Estimated 30,000 people fled northern Gaza Friday as situation worsens, UN group says

An estimated 30,000 people fled the areas north of Wadi Gaza — a waterway bisecting the center of the strip — to head southward on Friday, the United Nations Office for the Coordination of Humanitarian Affairs (OCHA) has said early Saturday. 

The displaced population fled on foot or used donkey carts when the evacuation corridor the Israeli military had announced along Salah Ad Deen Road opened until 4 p.m. local time Friday, the UN body said in a statement.

The number of displaced persons in Gaza has neared 1.6 million, about 748,000 of which are sheltering in 151 UN Relief and Works Agency for Palestine Refugees (UNRWA) installations across the strip, including 588,000 in the agency’s shelters in southern Gaza, UNRWA said Friday.  

OCHA added that 66 displaced persons were killed and 558 injured in UNRWA shelters since October 7. At least 20 of those who lost their lives and at least 400 of the injured were in southern Gaza, according to OCHA.

WHO "extremely disturbed" by reports of Israeli attacks near Gaza’s Al-Shifa Hospital

The World Health Organization is “extremely disturbed” by reports of Israeli attacks near Gaza City’s Al-Shifa Hospital, WHO Director-General Tedros Adhanom Ghebreyesus wrote in a statement early Saturday.  

A doctor inside Al-Shifa Hospital posted a video on Instagram late Friday describing what he’s been hearing and seeing amid “heavy bombing” in the vicinity.

Video posted late Friday by the Palestinian Ministry of Health in Ramallah also shows heavy smoke rising from behind the Al-Shifa Hospital and flares in the sky with frequent explosions being heard. 

The Israeli military has claimed that a “misfired projectile launched by terrorist organizations inside the Gaza Strip”was responsible for a strike on Al-Shifa Hospital.

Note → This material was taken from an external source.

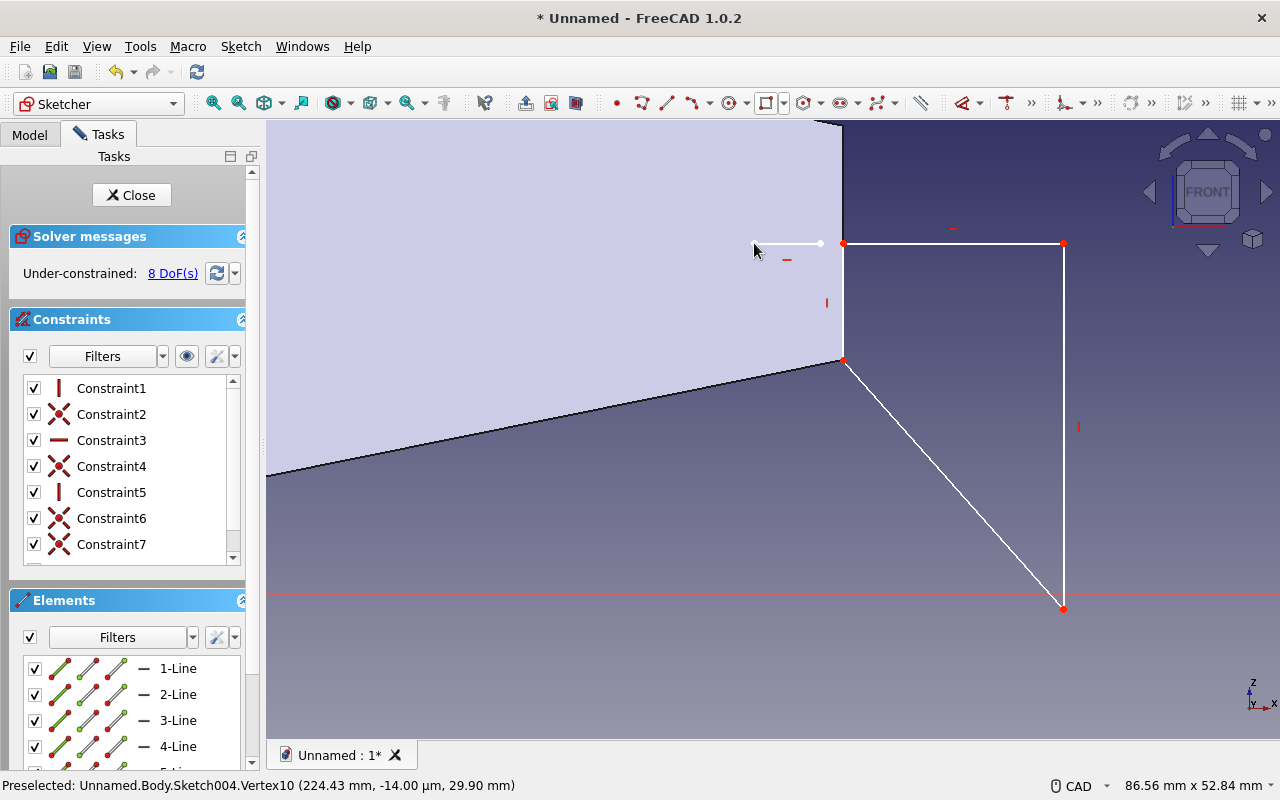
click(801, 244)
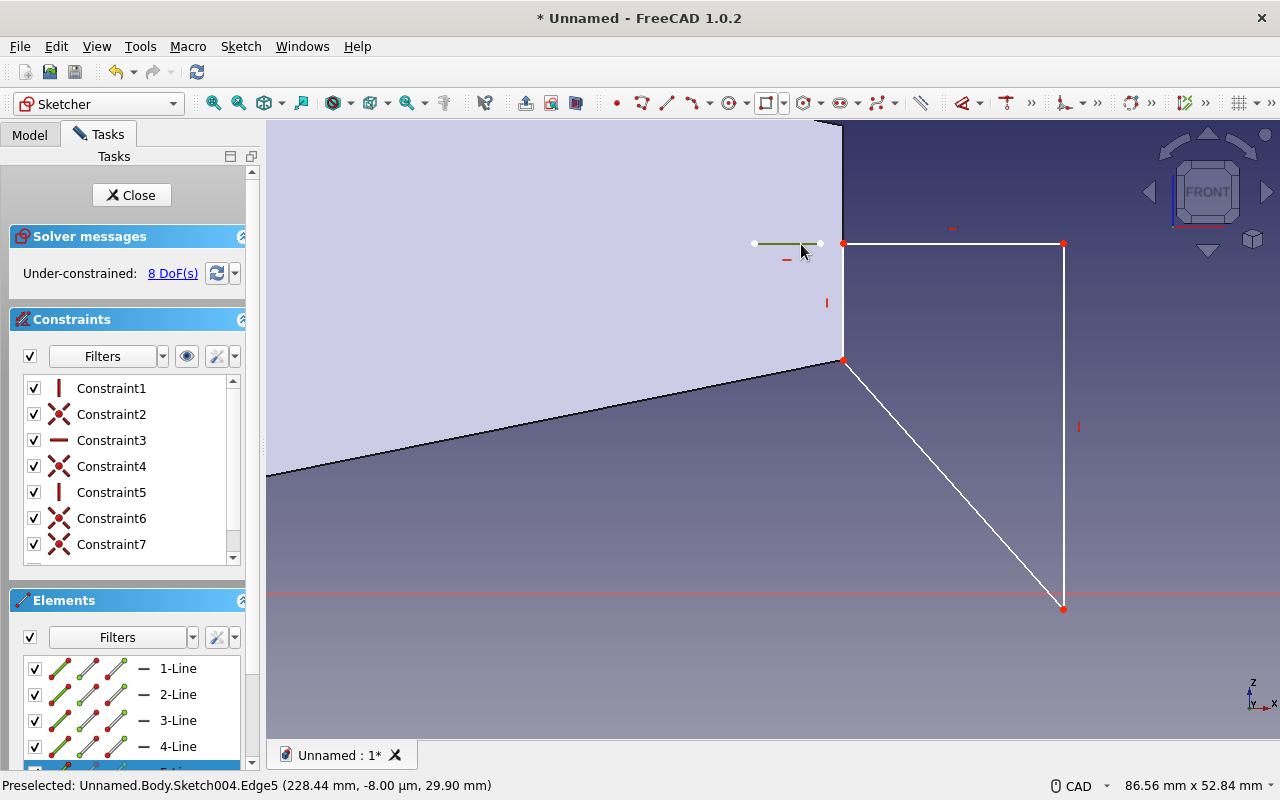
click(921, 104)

In another video posted early Saturday local time, the health ministry reported heavy bombardment near the Indonesian Hospital in northern Gaza. The video shows two men in medical scrubs running into a building for cover as heavy bombing can be seen and heard near the hospital. 

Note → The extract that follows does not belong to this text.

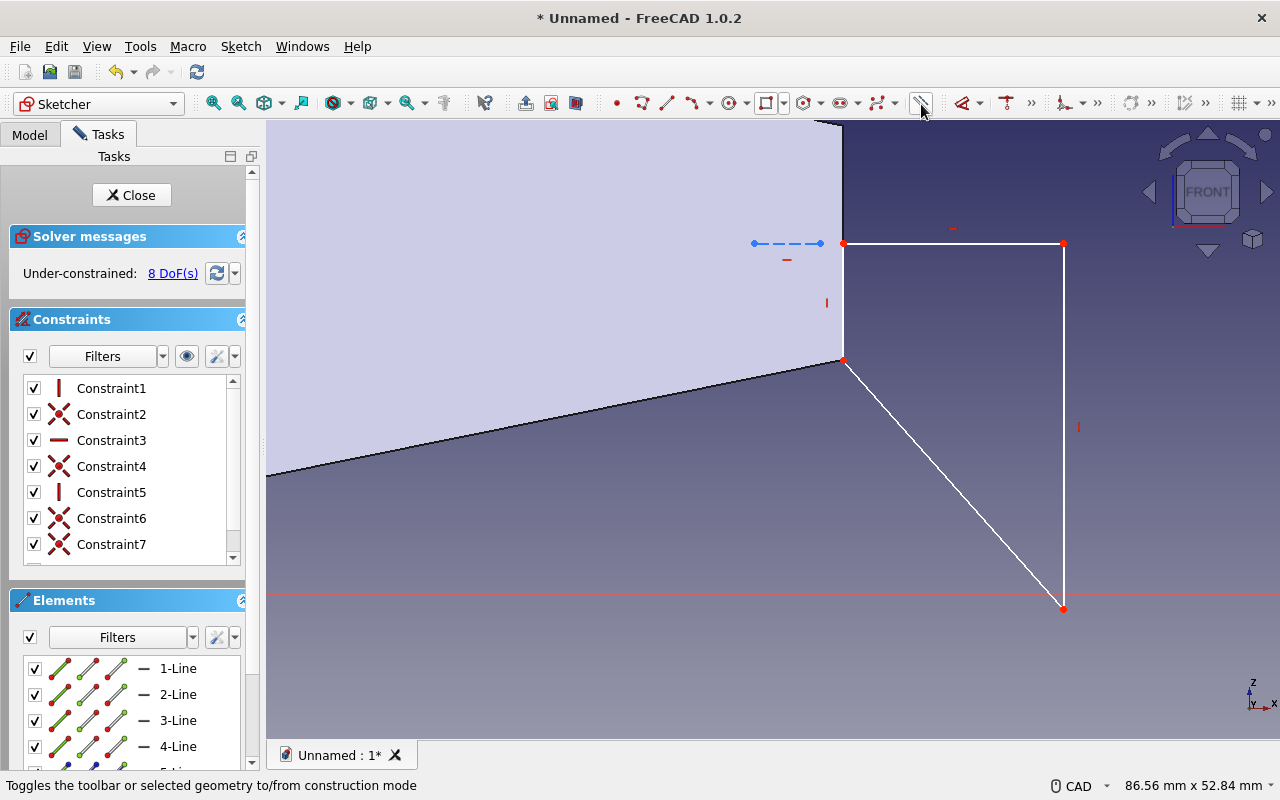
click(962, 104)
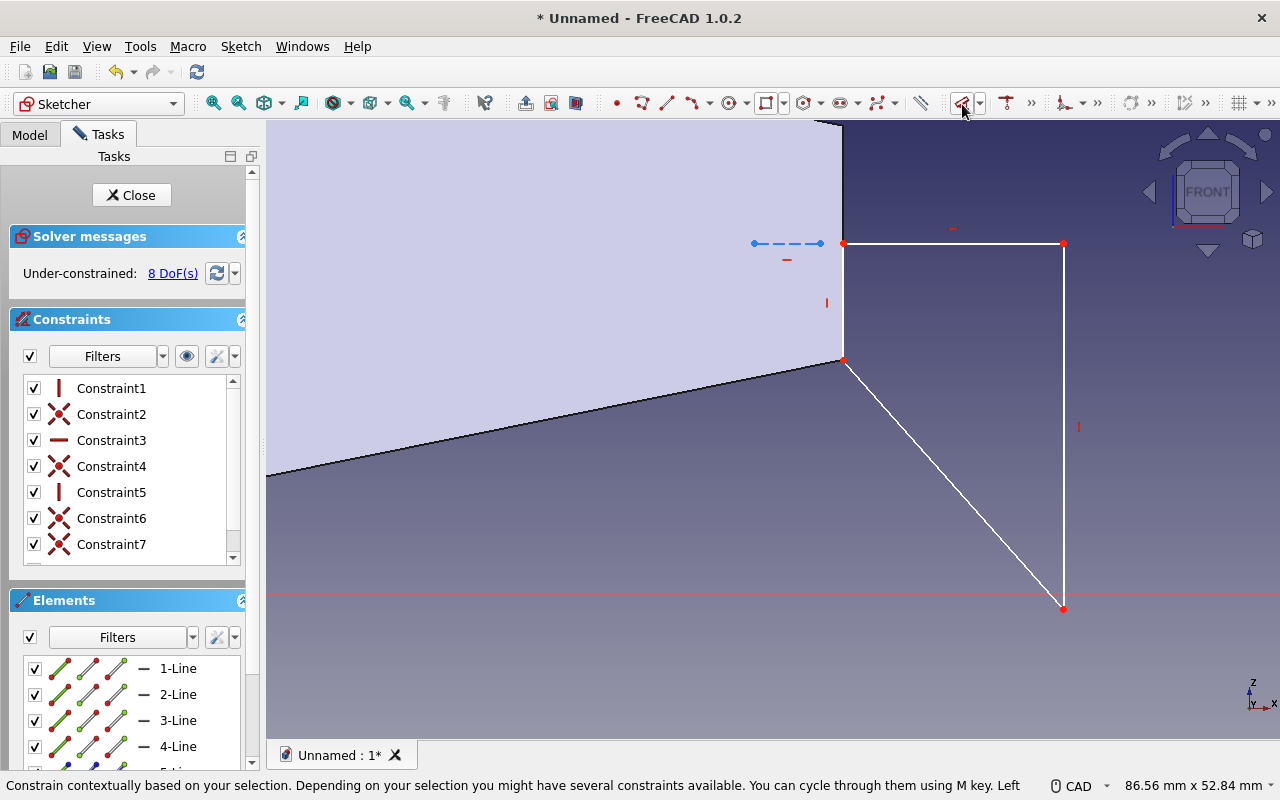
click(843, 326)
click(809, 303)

The Hamas-controlled Ministry of Interior in Gaza said the Israeli military struck near the Indonesian Hospital late Friday.  

Earlier in the day, the Palestine Red Crescent Society (PRCS) said an Israeli military attack targeted the Al-Quds Hospital, killing one displaced person and injuring 28 others, including two in critical condition.

Most of the casualties were children, PRCS added. 

The WHO said it has verified more than 250 attacks on the health sector in Gaza and the West Bank since October 7, including five hospital attacks in the strip on one day last week. 

CNN reached out to the Israeli military for comment and has not immediately heard back. The Israeli military has previously maintained that it is targeting Hamas infrastructure across the strip.  

Some context: This comes as Israeli tanks have surrounded the Al Nasr hospital and Al Rantisi Pediatric hospital in northern Gaza, its director Mustafa al-Kahlout told CNN, heightening fears Friday that Israel’s military campaign is further endangering Gazan patients and medical staff.

Patients and babies in the intensive units of Gaza City’s Al-Quds Hospital could die as it faces shut down in coming hours due to lack of fuel supplies, PRCS has also warned.

So far, at least 18 out of Gaza’s 35 functioning hospitals have gone out of service, according to the Palestinian Ministry of Health in Ramallah on Thursday. 

Saudi Arabia will host a joint Arab Islamic summit Saturday

Saudi Arabia will host a Joint Arab Islamic Extraordinary Summit on Saturday in response to the “unprecedented circumstances in Gaza,” according to a statement released by the Saudi Ministry of Foreign Affairs early Saturday local time.

Saudi Arabia was initially going to host Arab and Islamic Summits separately on Saturday but has decided to combine the two after consultations with the League of Arab States and the Organization of Islamic Cooperation. 

French president calls for Gaza ceasefire and urges other world leaders to join him

French President Emmanuel Macron attends an EU summit in Brussels on October 27.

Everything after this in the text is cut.